Knowles Talks Big Plays, Second-Year Approach

By February 3, 2023 (3:00 pm)Football

Given some of the big-play breakdowns that happened at the end of last season, one of the more anticipated assistant coach interviews from Wednesday for Ohio State’s media was defensive coordinator Jim Knowles.

Entering year two of his scheme comes with a renewed focus as players are no longer feeling out both him and his defense, but it also comes with added expectations as the Buckeyes came within one point of reaching a favorable National Championship Game matchup with TCU. A 42-41 loss, even to a team such as No. 1 Georgia, isn’t typically pinned on a team’s offense.

“Now that I’m coming into year two, I’ve got to be even more demanding and push and put on more steam with the players individually on the preciseness of the technique,” Knowles said. “I’ve got to really bear down.”

Ohio State’s two losses to close the year featured a bevy of big plays from its opponents.

Michigan scored touchdowns of 69, 75, 45, 75 and 85 yards en route to a 45-23 victory over the Buckeyes in Ohio Stadium Nov. 26.

Georgia cataloged 10 plays of 20 yards or more in its College Football Playoff win, with a key 76 yard touchdown pass up the sideline after Ohio State safety Lathan Ransom slipped that cut OSU’s fourth-quarter lead to 38-31 after a two-point conversion.

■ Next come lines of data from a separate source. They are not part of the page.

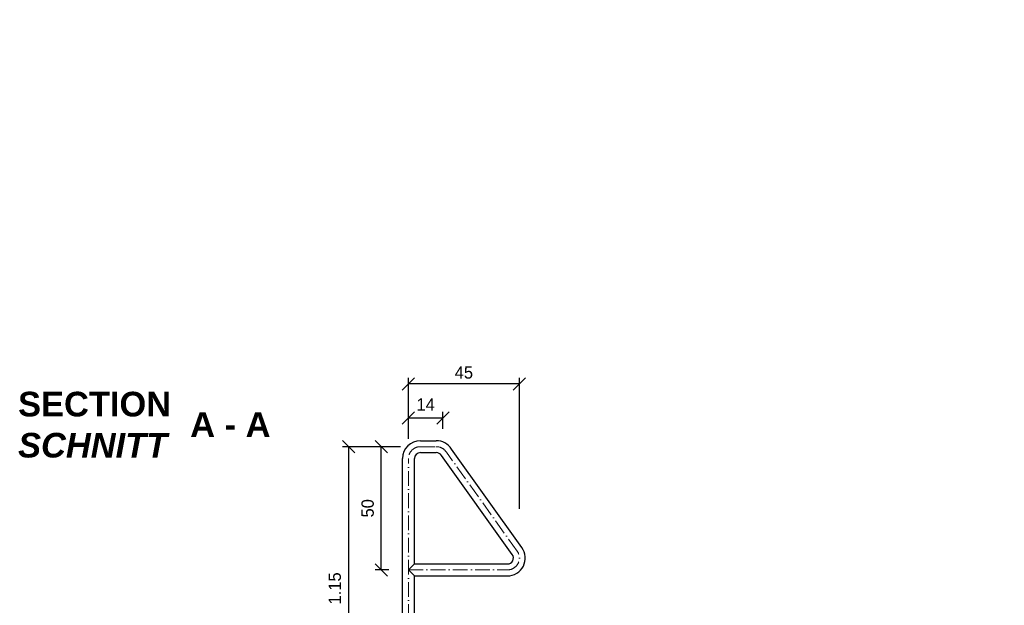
# Model space of a CAD drawing. Header units: millimetres. Extents: x -74592 to 26668, y -531 to 21180.
# Tile 4 of 27: x -1697 to 2298, y 6602 to 8978. Entities that reach past the tile are written whole.
import ezdxf

# ---------------------------------------------------------------- set-up
doc = ezdxf.new("R2010")
doc.units = ezdxf.units.MM
doc.linetypes.add('ACAD_ISO10W100', pattern=[18, 12, -3, 0, -3])
for name, color, linetype, lineweight in [('Bemaßung', 7, 'Continuous', 9), ('Beschriftung', 7, 'Continuous', 9), ('PDSMD', 7, 'Continuous', 18)]:
    doc.layers.add(name, color=color, linetype=linetype, lineweight=lineweight)
doc.styles.add('LBB3.5M1000', font='isocp.shx', dxfattribs={"height": 3.5})
doc.dimstyles.new('DIN', dxfattribs={"dimtxt": 2.5, "dimasz": 2.5, "dimexe": 1.25, "dimexo": 0.625, "dimtad": 1, "dimtih": 1, "dimdec": 4, "dimdsep": 46, "dimlunit": 6, "dimtxsty": 'Standard', "dimcen": 2.5, "dimadec": 0, "dimazin": 0, "dimtfac": 1, "dimtdec": 4, "dimtmove": 0, "dimatfit": 3, "dimfxl": 0, "dimtvp": 1, "dimtolj": 1, "dimtzin": 0, "dimarcsym": 0})

# ---------------------------------------------------------------- blocks, each defined once
blk = doc.blocks.new('_Oblique')
at = {"color": 0, "linetype": 'ByBlock', "lineweight": -2}
blk.add_line((-0.5, -0.5), (0.5, 0.5), dxfattribs=at)
blk = doc.blocks.new('*D27')
at = {"layer": 'Bemaßung', "color": 0, "lineweight": -2, "transparency": 16777216}
for p, q in [((-120, 7277.4), (-120, 7387.7)), ((-120, 7362.7), (20, 7362.7)), ((20, 7317.6), (20, 7387.7))]:
    blk.add_line(p, q, dxfattribs=at)
at = {"layer": 'DEFPOINTS', "color": 0, "transparency": 16777216}
for p in [(20, 7362.7), (20, 7237.6), (-120, 7197.4)]:
    blk.add_point(p, dxfattribs=at)
at = {"layer": 'Bemaßung', "color": 0, "lineweight": -2, "transparency": 16777216, "xscale": 50, "yscale": 50, "zscale": 50, "rotation": 180}
blk.add_blockref('_Oblique', (-120, 7362.7), dxfattribs=at)
at = {"layer": 'Bemaßung', "color": 0, "lineweight": -2, "transparency": 16777216, "xscale": 50, "yscale": 50, "zscale": 50}
blk.add_blockref('_Oblique', (20, 7362.7), dxfattribs=at)
at = {"layer": 'Bemaßung', "color": 0, "transparency": 16777216, "insert": (-50, 7417.4), "char_height": 50, "attachment_point": 5}
blk.add_mtext('\\A1;14', dxfattribs=at)
blk = doc.blocks.new('*D25')
at = {"layer": 'Bemaßung', "color": 0, "lineweight": -2, "transparency": 16777216}
for p, q in [((-120, 7366.8), (-120, 7525.3)), ((330, 6994), (330, 7525.3)), ((330, 7500.3), (-120, 7500.3))]:
    blk.add_line(p, q, dxfattribs=at)
at = {"layer": 'DEFPOINTS', "color": 0, "transparency": 16777216}
for p in [(-120, 7500.3), (-120, 7166.8), (330, 6794)]:
    blk.add_point(p, dxfattribs=at)
at = {"layer": 'Bemaßung', "color": 0, "lineweight": -2, "transparency": 16777216, "xscale": 50, "yscale": 50, "zscale": 50, "rotation": 180}
blk.add_blockref('_Oblique', (-120, 7500.3), dxfattribs=at)
at = {"layer": 'Bemaßung', "color": 0, "lineweight": -2, "transparency": 16777216, "xscale": 50, "yscale": 50, "zscale": 50}
blk.add_blockref('_Oblique', (330, 7500.3), dxfattribs=at)
at = {"layer": 'Bemaßung', "color": 0, "transparency": 16777216, "insert": (105, 7546.6), "char_height": 50, "attachment_point": 5}
blk.add_mtext('\\A1;45', dxfattribs=at)
blk = doc.blocks.new('*D28')
at = {"layer": 'Bemaßung', "color": 0, "lineweight": -2, "transparency": 16777216}
for p, q in [((-151.7, 7245.7), (-255.3, 7245.7)), ((-230.3, 6745.7), (-230.3, 7245.7)), ((-200, 6745.7), (-255.3, 6745.7))]:
    blk.add_line(p, q, dxfattribs=at)
at = {"layer": 'DEFPOINTS', "color": 0, "transparency": 16777216}
for p in [(-230.3, 7245.7), (-71.7, 7245.7), (-120, 6745.7)]:
    blk.add_point(p, dxfattribs=at)
at = {"layer": 'Bemaßung', "color": 0, "lineweight": -2, "transparency": 16777216, "xscale": 50, "yscale": 50, "zscale": 50}
for p, rotation in [((-230.3, 7245.7), 90), ((-230.3, 6745.7), 270)]:
    blk.add_blockref('_Oblique', p, dxfattribs=dict(at, rotation=rotation))
at = {"layer": 'Bemaßung', "color": 0, "transparency": 16777216, "insert": (-285.4, 6995.7), "char_height": 50, "attachment_point": 5, "rotation": 90}
blk.add_mtext('\\A1;50', dxfattribs=at)
blk = doc.blocks.new('*D29')
at = {"layer": 'Bemaßung', "color": 0, "lineweight": -2, "transparency": 16777216}
for p, q in [((-151.7, 7245.7), (-387.8, 7245.7)), ((-362.8, 7245.7), (-362.8, 6095.7)), ((-200, 6095.7), (-387.8, 6095.7))]:
    blk.add_line(p, q, dxfattribs=at)
at = {"layer": 'DEFPOINTS', "color": 0, "transparency": 16777216}
for p in [(-71.7, 7245.7), (-362.8, 6095.7), (-120, 6095.7)]:
    blk.add_point(p, dxfattribs=at)
at = {"layer": 'Bemaßung', "color": 0, "lineweight": -2, "transparency": 16777216, "xscale": 50, "yscale": 50, "zscale": 50}
for p, rotation in [((-362.8, 7245.7), 90), ((-362.8, 6095.7), 270)]:
    blk.add_blockref('_Oblique', p, dxfattribs=dict(at, rotation=rotation))
at = {"layer": 'Bemaßung', "color": 0, "transparency": 16777216, "insert": (-418.8, 6670.7), "char_height": 50, "attachment_point": 5, "rotation": 90}
blk.add_mtext('\\A1;1.15', dxfattribs=at)

msp = doc.modelspace()

# ---------------------------------------------------------------- linework, layer by layer
for p, q in [((-71.7, 7270.04354), (-6.98141, 7270.04354)), ((340.61202, 6836.20728), (54.59404, 7235.77032)), ((-144.15, 6071.58647), (-144.15, 7197.59354)), ((-95.85, 6769.88647), (-95.85, 7197.59354)), ((-71.7, 7221.74354), (-6.98141, 7221.74354)), ((301.34035, 6808.0892), (13.54374, 7210.31913)), ((-95.85, 6769.88647), (-120, 6745.73647)), ((-95.85, 6769.88647), (281.7, 6769.88647)), ((-120, 6745.73647), (-95.85, 6721.58647)), ((-95.85, 6721.58647), (281.7, 6721.58647)), ((-95.85, 6119.88647), (-95.85, 6721.58647))]:
    msp.add_line(p, q)
at = {"linetype": 'ACAD_ISO10W100', "lineweight": 18, "ltscale": 5}
for p, q in [((-71.7, 7245.73647), (-6.88404, 7245.73647)), ((-120, 6095.73647), (-120, 7197.43647)), ((320.977, 6822.1471), (34.16626, 7222.88766)), ((-120, 6745.73647), (281.7, 6745.73647))]:
    msp.add_line(p, q, dxfattribs=at)
for centre, radius, start, end in [((-71.7, 7197.59354), 72.45, 90, 180), ((-6.98141, 7197.59354), 72.45, 31.79891282, 90), ((-71.7, 7197.59354), 24.15, 90, 180), ((-6.98141, 7197.59354), 24.15, 31.79891282, 90), ((281.7, 6794.03647), 72.45, 270, 35.59610741), ((281.7, 6794.03647), 24.15, 270, 35.58382393)]:
    msp.add_arc(centre, radius, start, end)
for centre, start, end in [((-71.7, 7197.43647), 90, 180), ((-6.88404, 7197.43647), 31.79891282, 90), ((281.7, 6794.03647), 270, 35.59136635)]:
    msp.add_arc(centre, 48.3, start, end, dxfattribs=at)

# ---------------------------------------------------------------- texts
at = {"layer": 'Beschriftung', "char_height": 100, "attachment_point": 1, "style": 'LBB3.5M1000'}
for s, width, insert in [('{\\fArial|b1|i0|c0|p34;SECTION\\P\\fArial|b1|i1|c0|p34;SCHNITT}', 963.5542391, (-1703.82313, 7468.5225)), ('{\\fArial|b1|i0|c0|p34;A - A}', 355.0131253, (-1005.56841, 7385.54763))]:
    msp.add_mtext_dynamic_manual_height_columns(s, width=width, gutter_width=17.5, heights=[0], dxfattribs=dict(at, insert=insert))
at = {"layer": 'PDSMD', "color": 7, "lineweight": 0, "insert": (2163.33326, 12356.91207), "char_height": 50, "width": 163.8071633, "attachment_point": 1, "rotation": 90}
msp.add_mtext('\\pi-20.596;{\\fISOCPEUR|b0|i0|c0|p34;CASING} \\P\\pi-124.46;{\\fISOCPEUR|b0|i1|c0|p34;MANTELROHR}', dxfattribs=at)

# ---------------------------------------------------------------- dimensions: what is measured, and where the dimension line sits
at = {"layer": 'Bemaßung'}
for base, p1, p2, text, override, picture, middle in [((-120, 7500.29912), (330, 6794.03647), (-120, 7166.84522), '45', {"dimscale": 20, "dimexo": 10, "dimgap": 0.2, "dimblk1": 'Oblique', "dimblk2": 'Oblique', "dimsah": 1, "dimtmove": 2}, '*D25', (105, 7546.5556)), ((20, 7362.68881), (-120, 7197.43647), (20, 7237.56301), '14', {"dimscale": 20, "dimexo": 4, "dimgap": 0.2, "dimblk1": 'Oblique', "dimblk2": 'Oblique', "dimsah": 1, "dimtmove": 2}, '*D27', (-50, 7417.35724))]:
    dim = msp.add_linear_dim(base=base, p1=p1, p2=p2, text=text, dimstyle='DIN', override=override, dxfattribs=at)
    dim.commit()
    dim.dimension.update_dxf_attribs({"geometry": picture, "text_midpoint": middle, "dimtype": 160})
for base, p1, p2, text, picture, middle in [((-362.76195, 6095.73647), (-71.7, 7245.73647), (-120, 6095.73647), '1.15', '*D29', (-418.83336, 6670.73647)), ((-230.27474, 7245.73647), (-120, 6745.73647), (-71.7, 7245.73647), '50', '*D28', (-285.40934, 6995.73647))]:
    dim = msp.add_linear_dim(base=base, p1=p1, p2=p2, angle=90, text=text, dimstyle='DIN', override={"dimscale": 20, "dimexo": 4, "dimgap": 0.2, "dimblk1": 'Oblique', "dimblk2": 'Oblique', "dimsah": 1, "dimtmove": 2}, dxfattribs=at)
    dim.commit()
    dim.dimension.update_dxf_attribs({"geometry": picture, "text_midpoint": middle, "dimtype": 160})

doc.saveas('drawing.dxf')

“We can’t give up big plays like that,” Ohio State head coach Ryan Day said Wednesday. “That hurt us in the last two games. There’s no secret there. Too many big plays. And if we’re going to win those games, we can’t give up big plays like that. Now was that the only problem? No. But I think Jim knows that and that’s something we’ve got to get fixed in the offseason.”

Knowles has a track record of making his defenses better and better the longer he is at a program.

His stop prior to Ohio State, Oklahoma State, he took the Cowboys from the nation’s No. 112 total defense his first season to No. 82 in his second year, 44 his third year and 5 his final year. Prior to that at Duke he went from the country’s 108th total defense in year one to 22nd his last campaign in Durham, North Carolina.

When he got to OSU, the Buckeyes were fresh off one of their worst defensive seasons in recent memory, finishing 38th nationally in scoring defense, 59th in total defense, 25th in rushing defense and a dismal 97th in passing defense. Despite their big-game big-play shortcomings in 2022, they improved to 24th, 14th, 25th and 26th in those categories, respectively.

“You’re coming in the first year and you want to make sure that you make that connection with everybody,” Knowles said. “Now is the time for me to use it.”

As it pertains to those above-mentioned big plays, Knowles and company can spend an offseason working on the fundamentals that may have caused those shortcomings and demonstrating to players via film why they may have fallen short.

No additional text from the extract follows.